How-to Guide 2: View and Explore Model Results

This guide show show to access the numerical values of your results in a usable format, and also how to plot your results.

Accessing Results

After a model has been run, you can access the results (the calculated variable values in each component) in a few different ways.

You can use the getindex syntax as follows:

m[:ComponentName, :VariableName] # returns the whole array of values
m[:ComponentName, :VariableName][100] # returns just the 100th value

Indexing into a model with the name of the component and variable will return an array with values from each timestep. You can index into this array to get one value (as in the second line, which returns just the 100th value). Note that if the requested variable is two-dimensional, then a 2-D array will be returned.

You can also get data in the form of a dataframe, which will display the corresponding index labels rather than just a raw array. The syntax for this is:

getdataframe(m, :ComponentName=>:Variable) # request one variable from one component
getdataframe(m, :ComponentName=>(:Variable1, :Variable2)) # request multiple variables from the same component
getdataframe(m, :Component1=>:Var1, :Component2=>:Var2) # request variables from different components

Plotting and the Explorer UI

Mimi provides support for plotting using VegaLite and VegaLite.jl within the Mimi Explorer UI and Mimi.plot function, and the LightGraphs and MetaGraphs for the plot_comp_graph function described below.

In order to view a DAG representing the component ordering and relationships, use the plot_comp_graph function to view a plot and optionally save it to a file.

run(m)
plot_comp_graph(m; filename = "MyFilePath.png")

Plot Component Graph Example

Other plotting support is provided by the Explorer UI, rooted in VegaLite. The explore function allows the user to view and explore the variables and parameters of a model run. The explorer can be used in two primary ways.

In order to invoke the explorer UI and explore all of the variables and parameters in a model, simply call the function explore with the model run as the required argument, and a window title as an optional keyword argument, as shown below. This will produce a new browser window containing a selectable list of parameters and variables, organized by component, each of which produces a graphic. The exception here being that if the parameter or variable is a single scalar value, the value will appear alongside the name in the left-hand list.

run(m)
explore(m, title = "run1 results")

Explorer Model Example

Alternatively, in order to view just one parameter or variable, call the (unexported) function Mimi.plot as below to return a plot object and automatically display the plot in a viewer, assuming Mimi.plot is the last command executed. Note that plot is not exported in order to avoid namespace conflicts, but a user may import it if desired. This call will return the type VegaLite.VLSpec, which you may interact with using the API described in the VegaLite.jl documentation. For example, VegaLite.jl plots can be saved as PNG, SVG, PDF and EPS files. You may save a plot using the save function.
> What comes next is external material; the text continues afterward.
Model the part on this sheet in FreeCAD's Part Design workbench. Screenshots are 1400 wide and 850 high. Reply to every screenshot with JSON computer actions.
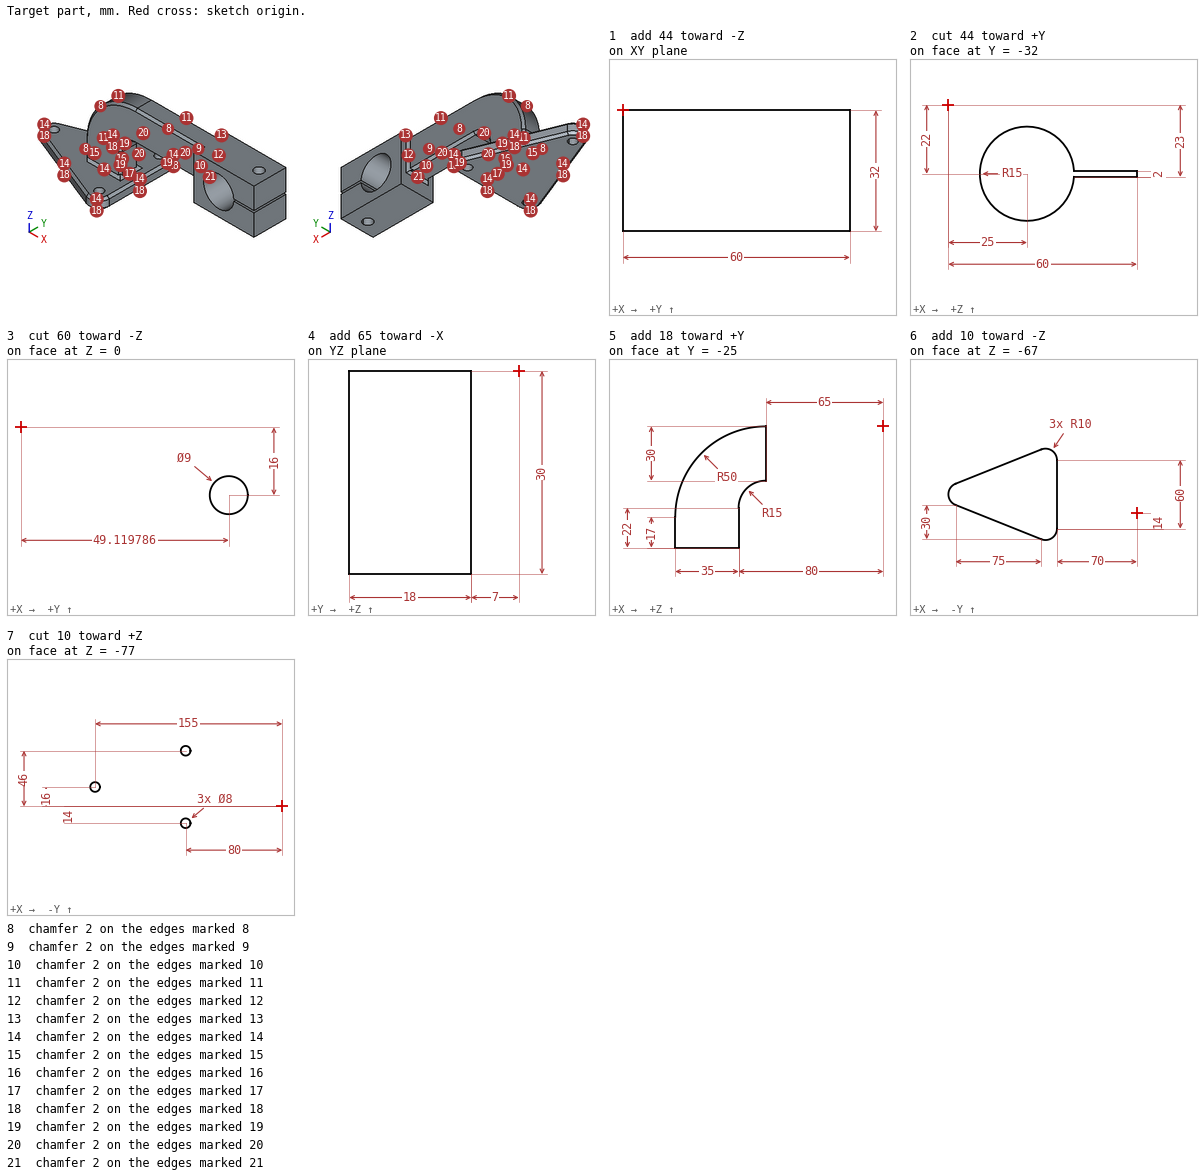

Note that saving an interactive plot in a non-interactive file format, such as .pdf or .svg will result in a warning WARN Can not resolve event source: window, but the plot will be saved as a static image. If you wish to preserve interactive capabilities, you may save it using the .vegalite file extension. If you then open this file in Jupyter lab, the interactive aspects will be preserved.

using VegaLite
run(m)
p = Mimi.plot(m, :ComponentName, :ParameterName)
save("figure.svg", p)

Plot Model Example

These two functions, explore and plot also have methods applicable to the sensitivity analysis support described in the next section. Details can be found in the sensitivity analysis how-to guide How-to Guide 3: Conduct Sensitivity Analysis as well as Tutorial 4: Sensitivity Analysis (SA) Support.